— Чего так рано? — зевая, спросил Прохор.
— Послухай.
Прохор приподнял от седельной подушки голову, услышал глухой и далекий раскат орудийного выстрела.
Умылись, поели сала и выехали из ожившего участка. В проулках рядами стояли сани, суетились люди, в предрассветной тьме кто-то хрипло кричал:
— Нет уж, хороните их сами! Пока мы выроем на шесть человек могилу — полдень будет!
— Та хиба ж мы обязаны их ховать? — спокойно спрашивал второй.
— Небось, зароете! — кричал хрипатый. — А не хочете — пусть лежат, тухнут у вас, мне дела нет!
— Та шо вы, господин дохтор! Нам колы усих ховать, яки из проезжих помырають, так тике це и робыть. Мабуть сами приберете?
— Иди к черту, олух царя небесного! Что мне, из-за тебя лазарет красным сдавать прикажешь?
Объезжая запрудившие уличку подводы, Григорий сказал:
— Мертвые никому не нужны…
— Тут до живых-то дела нету, а то — мертвые, — отозвался Прохор.
На юг двигались все северные станицы Дона. Многочисленные обозы беженцев перевалили через железную дорогу Царицын — Лихая, приближались к Манычу. Находясь неделю в дороге, Григорий расспрашивал о татарцах, но в хуторах, через которые доводилось ему проезжать, татарцы не были; по всей вероятности, они уклонились влево и ехали, минуя слободы украинцев, через казачьи хутора на Обливскую. Только на тринадцатые сутки Григорию удалось напасть на след хуторян. Уже за железной дорогой, в одном из хуторов он случайно узнал, что в соседнем доме лежит больной тифом казак Вешенской станицы, Григорий пошел узнать, откуда этот больной, и, войдя в низенькую хатенку, увидел лежавшего на полу старика Обнизова. От него он узнал, что татарцы уехали позавчера из этого хутора, что среди них много заболевших тифом, что двое уже умерли в дороге и что его, Обнизова, оставили тут по его собственному желанию.
— Коль почуне́юсь и красные товарищи смилуются надо мной, не убьют — как-нибудь доберусь до дому, а нет — помру тут. Помирать-то все одно где, везде несладко… — прощаясь с Григорием, сказал старик.
Григорий спросил о здоровье отца, но Обнизов ответил, что ничего не может сказать, так как ехал на одной из задних подвод и от хутора Малаховского Пантелея Прокофьевича не видел.

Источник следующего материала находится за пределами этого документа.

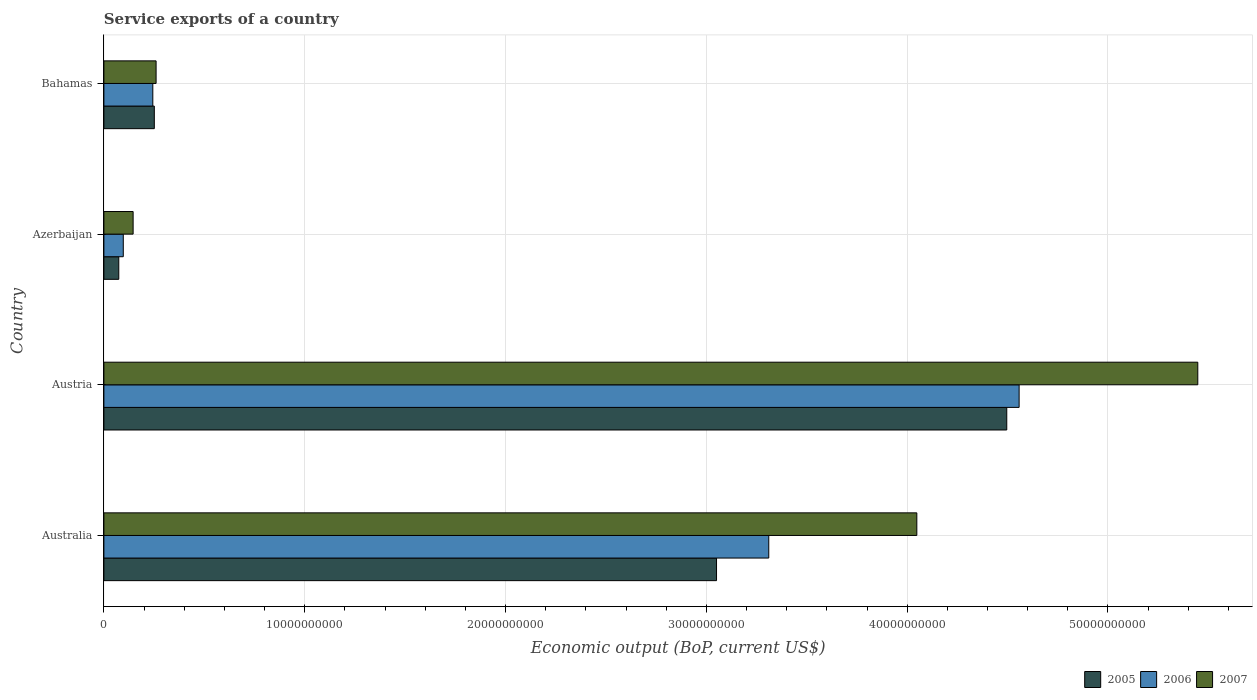How many groups of bars are there?
Offer a terse response. 4. What is the label of the 1st group of bars from the top?
Give a very brief answer. Bahamas. What is the service exports in 2007 in Azerbaijan?
Give a very brief answer. 1.46e+09. Across all countries, what is the maximum service exports in 2005?
Your answer should be compact. 4.50e+1. Across all countries, what is the minimum service exports in 2006?
Provide a short and direct response. 9.65e+08. In which country was the service exports in 2006 maximum?
Ensure brevity in your answer.  Austria. In which country was the service exports in 2007 minimum?
Offer a terse response. Azerbaijan. What is the total service exports in 2007 in the graph?
Offer a terse response. 9.90e+1. What is the difference between the service exports in 2007 in Australia and that in Austria?
Your response must be concise. -1.40e+1. What is the difference between the service exports in 2007 in Bahamas and the service exports in 2006 in Australia?
Your response must be concise. -3.05e+1. What is the average service exports in 2005 per country?
Offer a terse response. 1.97e+1. What is the difference between the service exports in 2007 and service exports in 2005 in Australia?
Offer a very short reply. 9.97e+09. What is the ratio of the service exports in 2006 in Austria to that in Azerbaijan?
Offer a terse response. 47.21. Is the service exports in 2005 in Australia less than that in Azerbaijan?
Offer a very short reply. No. What is the difference between the highest and the second highest service exports in 2005?
Keep it short and to the point. 1.45e+1. What is the difference between the highest and the lowest service exports in 2005?
Your answer should be compact. 4.42e+1. In how many countries, is the service exports in 2007 greater than the average service exports in 2007 taken over all countries?
Offer a terse response. 2. Is the sum of the service exports in 2006 in Australia and Austria greater than the maximum service exports in 2007 across all countries?
Ensure brevity in your answer.  Yes. How many bars are there?
Provide a succinct answer. 12. Are all the bars in the graph horizontal?
Ensure brevity in your answer.  Yes. How many countries are there in the graph?
Make the answer very short. 4. What is the difference between two consecutive major ticks on the X-axis?
Make the answer very short. 1.00e+1. What is the title of the graph?
Your answer should be very brief. Service exports of a country. Does "1967" appear as one of the legend labels in the graph?
Provide a short and direct response. No. What is the label or title of the X-axis?
Your response must be concise. Economic output (BoP, current US$). What is the label or title of the Y-axis?
Provide a short and direct response. Country. What is the Economic output (BoP, current US$) in 2005 in Australia?
Give a very brief answer. 3.05e+1. What is the Economic output (BoP, current US$) in 2006 in Australia?
Provide a succinct answer. 3.31e+1. What is the Economic output (BoP, current US$) in 2007 in Australia?
Your response must be concise. 4.05e+1. What is the Economic output (BoP, current US$) of 2005 in Austria?
Keep it short and to the point. 4.50e+1. What is the Economic output (BoP, current US$) in 2006 in Austria?
Offer a terse response. 4.56e+1. What is the Economic output (BoP, current US$) in 2007 in Austria?
Ensure brevity in your answer.  5.45e+1. What is the Economic output (BoP, current US$) in 2005 in Azerbaijan?
Keep it short and to the point. 7.41e+08. What is the Economic output (BoP, current US$) of 2006 in Azerbaijan?
Offer a terse response. 9.65e+08. What is the Economic output (BoP, current US$) in 2007 in Azerbaijan?
Keep it short and to the point. 1.46e+09. What is the Economic output (BoP, current US$) of 2005 in Bahamas?
Your response must be concise. 2.51e+09. What is the Economic output (BoP, current US$) of 2006 in Bahamas?
Your answer should be very brief. 2.44e+09. What is the Economic output (BoP, current US$) of 2007 in Bahamas?
Provide a short and direct response. 2.60e+09. Across all countries, what is the maximum Economic output (BoP, current US$) in 2005?
Offer a very short reply. 4.50e+1. Across all countries, what is the maximum Economic output (BoP, current US$) in 2006?
Your answer should be compact. 4.56e+1. Across all countries, what is the maximum Economic output (BoP, current US$) in 2007?
Make the answer very short. 5.45e+1. Across all countries, what is the minimum Economic output (BoP, current US$) in 2005?
Your answer should be very brief. 7.41e+08. Across all countries, what is the minimum Economic output (BoP, current US$) in 2006?
Make the answer very short. 9.65e+08. Across all countries, what is the minimum Economic output (BoP, current US$) of 2007?
Offer a very short reply. 1.46e+09. What is the total Economic output (BoP, current US$) of 2005 in the graph?
Keep it short and to the point. 7.87e+1. What is the total Economic output (BoP, current US$) of 2006 in the graph?
Offer a terse response. 8.21e+1. What is the total Economic output (BoP, current US$) in 2007 in the graph?
Offer a very short reply. 9.90e+1. What is the difference between the Economic output (BoP, current US$) in 2005 in Australia and that in Austria?
Your answer should be compact. -1.45e+1. What is the difference between the Economic output (BoP, current US$) in 2006 in Australia and that in Austria?
Your answer should be compact. -1.25e+1. What is the difference between the Economic output (BoP, current US$) of 2007 in Australia and that in Austria?
Offer a very short reply. -1.40e+1. What is the difference between the Economic output (BoP, current US$) in 2005 in Australia and that in Azerbaijan?
Keep it short and to the point. 2.98e+1. What is the difference between the Economic output (BoP, current US$) of 2006 in Australia and that in Azerbaijan?
Offer a very short reply. 3.21e+1. What is the difference between the Economic output (BoP, current US$) of 2007 in Australia and that in Azerbaijan?
Give a very brief answer. 3.90e+1. What is the difference between the Economic output (BoP, current US$) in 2005 in Australia and that in Bahamas?
Your response must be concise. 2.80e+1. What is the difference between the Economic output (BoP, current US$) in 2006 in Australia and that in Bahamas?
Your answer should be very brief. 3.07e+1. What is the difference between the Economic output (BoP, current US$) in 2007 in Australia and that in Bahamas?
Your response must be concise. 3.79e+1. What is the difference between the Economic output (BoP, current US$) of 2005 in Austria and that in Azerbaijan?
Ensure brevity in your answer.  4.42e+1. What is the difference between the Economic output (BoP, current US$) of 2006 in Austria and that in Azerbaijan?
Ensure brevity in your answer.  4.46e+1. What is the difference between the Economic output (BoP, current US$) in 2007 in Austria and that in Azerbaijan?
Ensure brevity in your answer.  5.30e+1. What is the difference between the Economic output (BoP, current US$) in 2005 in Austria and that in Bahamas?
Provide a succinct answer. 4.24e+1. What is the difference between the Economic output (BoP, current US$) of 2006 in Austria and that in Bahamas?
Make the answer very short. 4.31e+1. What is the difference between the Economic output (BoP, current US$) in 2007 in Austria and that in Bahamas?
Provide a succinct answer. 5.19e+1. What is the difference between the Economic output (BoP, current US$) of 2005 in Azerbaijan and that in Bahamas?
Give a very brief answer. -1.77e+09. What is the difference between the Economic output (BoP, current US$) in 2006 in Azerbaijan and that in Bahamas?
Offer a very short reply. -1.47e+09. What is the difference between the Economic output (BoP, current US$) in 2007 in Azerbaijan and that in Bahamas?
Keep it short and to the point. -1.14e+09. What is the difference between the Economic output (BoP, current US$) of 2005 in Australia and the Economic output (BoP, current US$) of 2006 in Austria?
Offer a terse response. -1.51e+1. What is the difference between the Economic output (BoP, current US$) in 2005 in Australia and the Economic output (BoP, current US$) in 2007 in Austria?
Your answer should be very brief. -2.40e+1. What is the difference between the Economic output (BoP, current US$) of 2006 in Australia and the Economic output (BoP, current US$) of 2007 in Austria?
Provide a short and direct response. -2.14e+1. What is the difference between the Economic output (BoP, current US$) of 2005 in Australia and the Economic output (BoP, current US$) of 2006 in Azerbaijan?
Provide a short and direct response. 2.95e+1. What is the difference between the Economic output (BoP, current US$) of 2005 in Australia and the Economic output (BoP, current US$) of 2007 in Azerbaijan?
Give a very brief answer. 2.91e+1. What is the difference between the Economic output (BoP, current US$) in 2006 in Australia and the Economic output (BoP, current US$) in 2007 in Azerbaijan?
Your answer should be very brief. 3.17e+1. What is the difference between the Economic output (BoP, current US$) of 2005 in Australia and the Economic output (BoP, current US$) of 2006 in Bahamas?
Your answer should be very brief. 2.81e+1. What is the difference between the Economic output (BoP, current US$) of 2005 in Australia and the Economic output (BoP, current US$) of 2007 in Bahamas?
Give a very brief answer. 2.79e+1. What is the difference between the Economic output (BoP, current US$) of 2006 in Australia and the Economic output (BoP, current US$) of 2007 in Bahamas?
Give a very brief answer. 3.05e+1. What is the difference between the Economic output (BoP, current US$) of 2005 in Austria and the Economic output (BoP, current US$) of 2006 in Azerbaijan?
Keep it short and to the point. 4.40e+1. What is the difference between the Economic output (BoP, current US$) of 2005 in Austria and the Economic output (BoP, current US$) of 2007 in Azerbaijan?
Provide a succinct answer. 4.35e+1. What is the difference between the Economic output (BoP, current US$) of 2006 in Austria and the Economic output (BoP, current US$) of 2007 in Azerbaijan?
Offer a terse response. 4.41e+1. What is the difference between the Economic output (BoP, current US$) of 2005 in Austria and the Economic output (BoP, current US$) of 2006 in Bahamas?
Keep it short and to the point. 4.25e+1. What is the difference between the Economic output (BoP, current US$) of 2005 in Austria and the Economic output (BoP, current US$) of 2007 in Bahamas?
Offer a terse response. 4.24e+1. What is the difference between the Economic output (BoP, current US$) in 2006 in Austria and the Economic output (BoP, current US$) in 2007 in Bahamas?
Your answer should be very brief. 4.30e+1. What is the difference between the Economic output (BoP, current US$) in 2005 in Azerbaijan and the Economic output (BoP, current US$) in 2006 in Bahamas?
Offer a very short reply. -1.69e+09. What is the difference between the Economic output (BoP, current US$) of 2005 in Azerbaijan and the Economic output (BoP, current US$) of 2007 in Bahamas?
Your answer should be very brief. -1.86e+09. What is the difference between the Economic output (BoP, current US$) in 2006 in Azerbaijan and the Economic output (BoP, current US$) in 2007 in Bahamas?
Your answer should be compact. -1.63e+09. What is the average Economic output (BoP, current US$) of 2005 per country?
Make the answer very short. 1.97e+1. What is the average Economic output (BoP, current US$) of 2006 per country?
Give a very brief answer. 2.05e+1. What is the average Economic output (BoP, current US$) of 2007 per country?
Your answer should be compact. 2.48e+1. What is the difference between the Economic output (BoP, current US$) of 2005 and Economic output (BoP, current US$) of 2006 in Australia?
Make the answer very short. -2.60e+09. What is the difference between the Economic output (BoP, current US$) of 2005 and Economic output (BoP, current US$) of 2007 in Australia?
Offer a terse response. -9.97e+09. What is the difference between the Economic output (BoP, current US$) in 2006 and Economic output (BoP, current US$) in 2007 in Australia?
Keep it short and to the point. -7.37e+09. What is the difference between the Economic output (BoP, current US$) in 2005 and Economic output (BoP, current US$) in 2006 in Austria?
Keep it short and to the point. -6.15e+08. What is the difference between the Economic output (BoP, current US$) of 2005 and Economic output (BoP, current US$) of 2007 in Austria?
Your answer should be very brief. -9.51e+09. What is the difference between the Economic output (BoP, current US$) of 2006 and Economic output (BoP, current US$) of 2007 in Austria?
Ensure brevity in your answer.  -8.90e+09. What is the difference between the Economic output (BoP, current US$) in 2005 and Economic output (BoP, current US$) in 2006 in Azerbaijan?
Offer a very short reply. -2.24e+08. What is the difference between the Economic output (BoP, current US$) of 2005 and Economic output (BoP, current US$) of 2007 in Azerbaijan?
Keep it short and to the point. -7.14e+08. What is the difference between the Economic output (BoP, current US$) in 2006 and Economic output (BoP, current US$) in 2007 in Azerbaijan?
Your response must be concise. -4.90e+08. What is the difference between the Economic output (BoP, current US$) of 2005 and Economic output (BoP, current US$) of 2006 in Bahamas?
Your answer should be compact. 7.48e+07. What is the difference between the Economic output (BoP, current US$) in 2005 and Economic output (BoP, current US$) in 2007 in Bahamas?
Give a very brief answer. -8.84e+07. What is the difference between the Economic output (BoP, current US$) in 2006 and Economic output (BoP, current US$) in 2007 in Bahamas?
Give a very brief answer. -1.63e+08. What is the ratio of the Economic output (BoP, current US$) of 2005 in Australia to that in Austria?
Provide a succinct answer. 0.68. What is the ratio of the Economic output (BoP, current US$) in 2006 in Australia to that in Austria?
Your response must be concise. 0.73. What is the ratio of the Economic output (BoP, current US$) in 2007 in Australia to that in Austria?
Provide a succinct answer. 0.74. What is the ratio of the Economic output (BoP, current US$) of 2005 in Australia to that in Azerbaijan?
Your response must be concise. 41.14. What is the ratio of the Economic output (BoP, current US$) in 2006 in Australia to that in Azerbaijan?
Give a very brief answer. 34.3. What is the ratio of the Economic output (BoP, current US$) of 2007 in Australia to that in Azerbaijan?
Your response must be concise. 27.81. What is the ratio of the Economic output (BoP, current US$) of 2005 in Australia to that in Bahamas?
Offer a very short reply. 12.15. What is the ratio of the Economic output (BoP, current US$) of 2006 in Australia to that in Bahamas?
Ensure brevity in your answer.  13.59. What is the ratio of the Economic output (BoP, current US$) of 2007 in Australia to that in Bahamas?
Your response must be concise. 15.57. What is the ratio of the Economic output (BoP, current US$) in 2005 in Austria to that in Azerbaijan?
Your response must be concise. 60.64. What is the ratio of the Economic output (BoP, current US$) of 2006 in Austria to that in Azerbaijan?
Offer a very short reply. 47.21. What is the ratio of the Economic output (BoP, current US$) in 2007 in Austria to that in Azerbaijan?
Make the answer very short. 37.43. What is the ratio of the Economic output (BoP, current US$) of 2005 in Austria to that in Bahamas?
Your answer should be very brief. 17.91. What is the ratio of the Economic output (BoP, current US$) in 2006 in Austria to that in Bahamas?
Ensure brevity in your answer.  18.71. What is the ratio of the Economic output (BoP, current US$) in 2007 in Austria to that in Bahamas?
Ensure brevity in your answer.  20.96. What is the ratio of the Economic output (BoP, current US$) in 2005 in Azerbaijan to that in Bahamas?
Offer a terse response. 0.3. What is the ratio of the Economic output (BoP, current US$) in 2006 in Azerbaijan to that in Bahamas?
Your response must be concise. 0.4. What is the ratio of the Economic output (BoP, current US$) in 2007 in Azerbaijan to that in Bahamas?
Offer a terse response. 0.56. What is the difference between the highest and the second highest Economic output (BoP, current US$) of 2005?
Provide a succinct answer. 1.45e+1. What is the difference between the highest and the second highest Economic output (BoP, current US$) of 2006?
Your response must be concise. 1.25e+1. What is the difference between the highest and the second highest Economic output (BoP, current US$) in 2007?
Provide a succinct answer. 1.40e+1. What is the difference between the highest and the lowest Economic output (BoP, current US$) of 2005?
Your answer should be compact. 4.42e+1. What is the difference between the highest and the lowest Economic output (BoP, current US$) in 2006?
Offer a very short reply. 4.46e+1. What is the difference between the highest and the lowest Economic output (BoP, current US$) in 2007?
Your answer should be compact. 5.30e+1. 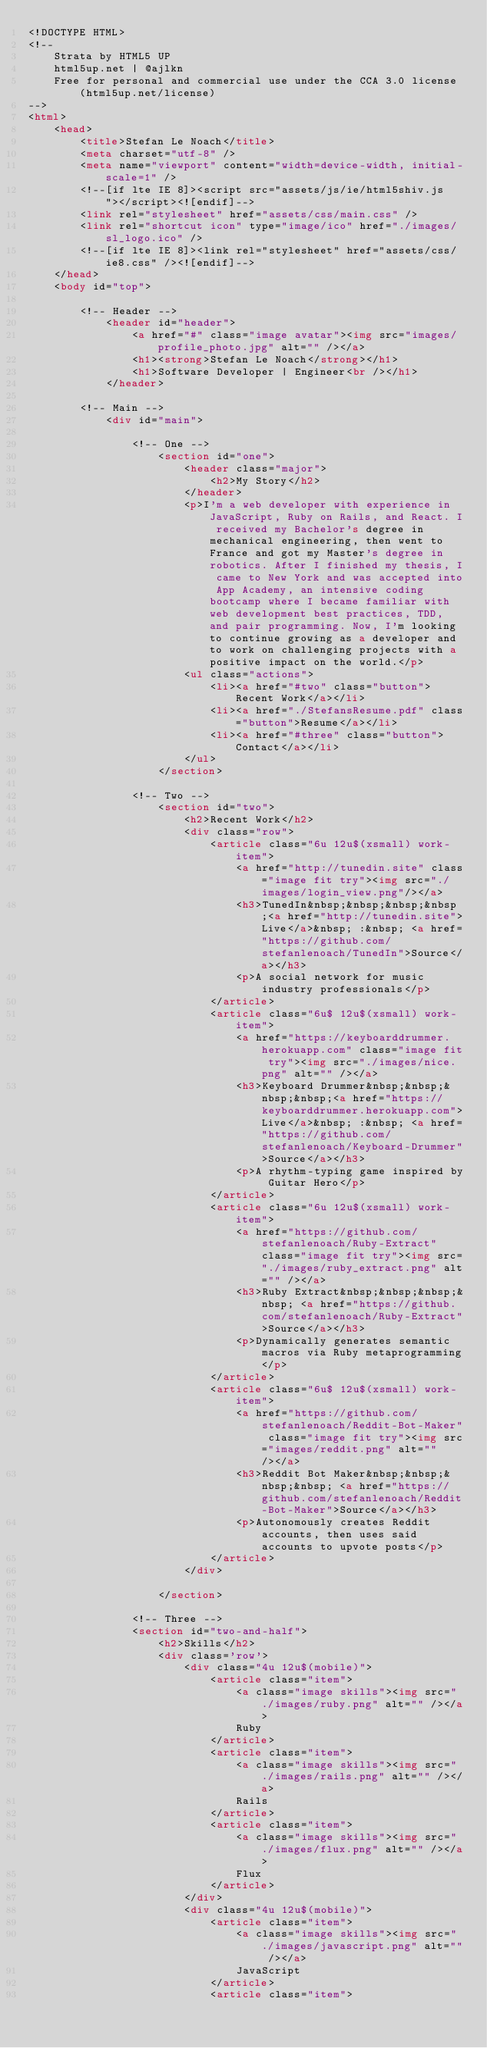<code> <loc_0><loc_0><loc_500><loc_500><_HTML_><!DOCTYPE HTML>
<!--
	Strata by HTML5 UP
	html5up.net | @ajlkn
	Free for personal and commercial use under the CCA 3.0 license (html5up.net/license)
-->
<html>
	<head>
		<title>Stefan Le Noach</title>
		<meta charset="utf-8" />
		<meta name="viewport" content="width=device-width, initial-scale=1" />
		<!--[if lte IE 8]><script src="assets/js/ie/html5shiv.js"></script><![endif]-->
		<link rel="stylesheet" href="assets/css/main.css" />
		<link rel="shortcut icon" type="image/ico" href="./images/sl_logo.ico" />
		<!--[if lte IE 8]><link rel="stylesheet" href="assets/css/ie8.css" /><![endif]-->
	</head>
	<body id="top">

		<!-- Header -->
			<header id="header">
				<a href="#" class="image avatar"><img src="images/profile_photo.jpg" alt="" /></a>
				<h1><strong>Stefan Le Noach</strong></h1>
				<h1>Software Developer | Engineer<br /></h1>
			</header>

		<!-- Main -->
			<div id="main">

				<!-- One -->
					<section id="one">
						<header class="major">
							<h2>My Story</h2>
						</header>
						<p>I'm a web developer with experience in JavaScript, Ruby on Rails, and React. I received my Bachelor's degree in mechanical engineering, then went to France and got my Master's degree in robotics. After I finished my thesis, I came to New York and was accepted into App Academy, an intensive coding bootcamp where I became familiar with web development best practices, TDD, and pair programming. Now, I'm looking to continue growing as a developer and to work on challenging projects with a positive impact on the world.</p>
						<ul class="actions">
							<li><a href="#two" class="button">Recent Work</a></li>
							<li><a href="./StefansResume.pdf" class="button">Resume</a></li>
							<li><a href="#three" class="button">Contact</a></li>
						</ul>
					</section>

				<!-- Two -->
					<section id="two">
						<h2>Recent Work</h2>
						<div class="row">
							<article class="6u 12u$(xsmall) work-item">
								<a href="http://tunedin.site" class="image fit try"><img src="./images/login_view.png"/></a>
								<h3>TunedIn&nbsp;&nbsp;&nbsp;&nbsp;<a href="http://tunedin.site">Live</a>&nbsp; :&nbsp; <a href="https://github.com/stefanlenoach/TunedIn">Source</a></h3>
								<p>A social network for music industry professionals</p>
							</article>
							<article class="6u$ 12u$(xsmall) work-item">
								<a href="https://keyboarddrummer.herokuapp.com" class="image fit try"><img src="./images/nice.png" alt="" /></a>
								<h3>Keyboard Drummer&nbsp;&nbsp;&nbsp;&nbsp;<a href="https://keyboarddrummer.herokuapp.com">Live</a>&nbsp; :&nbsp; <a href="https://github.com/stefanlenoach/Keyboard-Drummer">Source</a></h3>
								<p>A rhythm-typing game inspired by Guitar Hero</p>
							</article>
							<article class="6u 12u$(xsmall) work-item">
								<a href="https://github.com/stefanlenoach/Ruby-Extract" class="image fit try"><img src="./images/ruby_extract.png" alt="" /></a>
								<h3>Ruby Extract&nbsp;&nbsp;&nbsp;&nbsp; <a href="https://github.com/stefanlenoach/Ruby-Extract">Source</a></h3>
								<p>Dynamically generates semantic macros via Ruby metaprogramming</p>
							</article>
							<article class="6u$ 12u$(xsmall) work-item">
								<a href="https://github.com/stefanlenoach/Reddit-Bot-Maker" class="image fit try"><img src="images/reddit.png" alt="" /></a>
								<h3>Reddit Bot Maker&nbsp;&nbsp;&nbsp;&nbsp; <a href="https://github.com/stefanlenoach/Reddit-Bot-Maker">Source</a></h3>
								<p>Autonomously creates Reddit accounts, then uses said accounts to upvote posts</p>
							</article>
						</div>

					</section>

				<!-- Three -->
				<section id="two-and-half">
					<h2>Skills</h2>
					<div class='row'>
						<div class="4u 12u$(mobile)">
							<article class="item">
								<a class="image skills"><img src="./images/ruby.png" alt="" /></a>
								Ruby
							</article>
							<article class="item">
								<a class="image skills"><img src="./images/rails.png" alt="" /></a>
								Rails
							</article>
							<article class="item">
								<a class="image skills"><img src="./images/flux.png" alt="" /></a>
								Flux
							</article>
						</div>
						<div class="4u 12u$(mobile)">
							<article class="item">
								<a class="image skills"><img src="./images/javascript.png" alt="" /></a>
								JavaScript
							</article>
							<article class="item"></code>

На следующей ночевке Григорию повезло: в первом же доме, куда он зашел, чтобы попроситься переночевать, встретил знакомых казаков с хутора Верхне-Чирского. Они потеснились, и Григорий устроился возле печки. В комнате вповалку лежало человек пятнадцать беженцев, из них трое больных тифом и один обмороженный. Казаки сварили на ужин пшенной каши с салом, радушно предложили Григорию и его спутникам. Прохор и Григорий ели с аппетитом, Аксинья отказалась.
— Аль не голодная? — спросил Прохор, за последние дни без видимой причины изменивший свое отношение к Аксинье и обращавшийся с ней грубовато, но участливо.
— Что-то тошно мне… — Аксинья накинула платок, вышла во двор.
— Не захворала она? — обращаясь к Григорию, спросил Прохор.
— Кто ее знает. — Григорий отставил тарелку с кашей, тоже вышел во двор.
Аксинья стояла около крыльца, прижав к груди ладонь. Григорий обнял ее, с тревогой спросил:
— Ты чего, Ксюша?
— Тошно, и голова болит.
— Пойдем в хату, приляжешь.
— Иди, я зараз.
Голос у нее был глухой и безжизненный, движения вялые. Григорий пытливо посмотрел на нее, когда она вошла в жарко натопленную комнату, заметил горячий румянец на щеках, подозрительный блеск глаз. Сердце у него тревожно сжалось: Аксинья была явно больна. Он вспомнил, что и вчера она жаловалась на озноб и головокружение, а перед утром так вспотела, что курчеватые на шее прядки волос стали мокрые, словно после мытья, он заметил это, проснувшись на заре, и долго не сводил глаз со спавшей Аксиньи и не хотел вставать, чтобы не потревожить ее сон.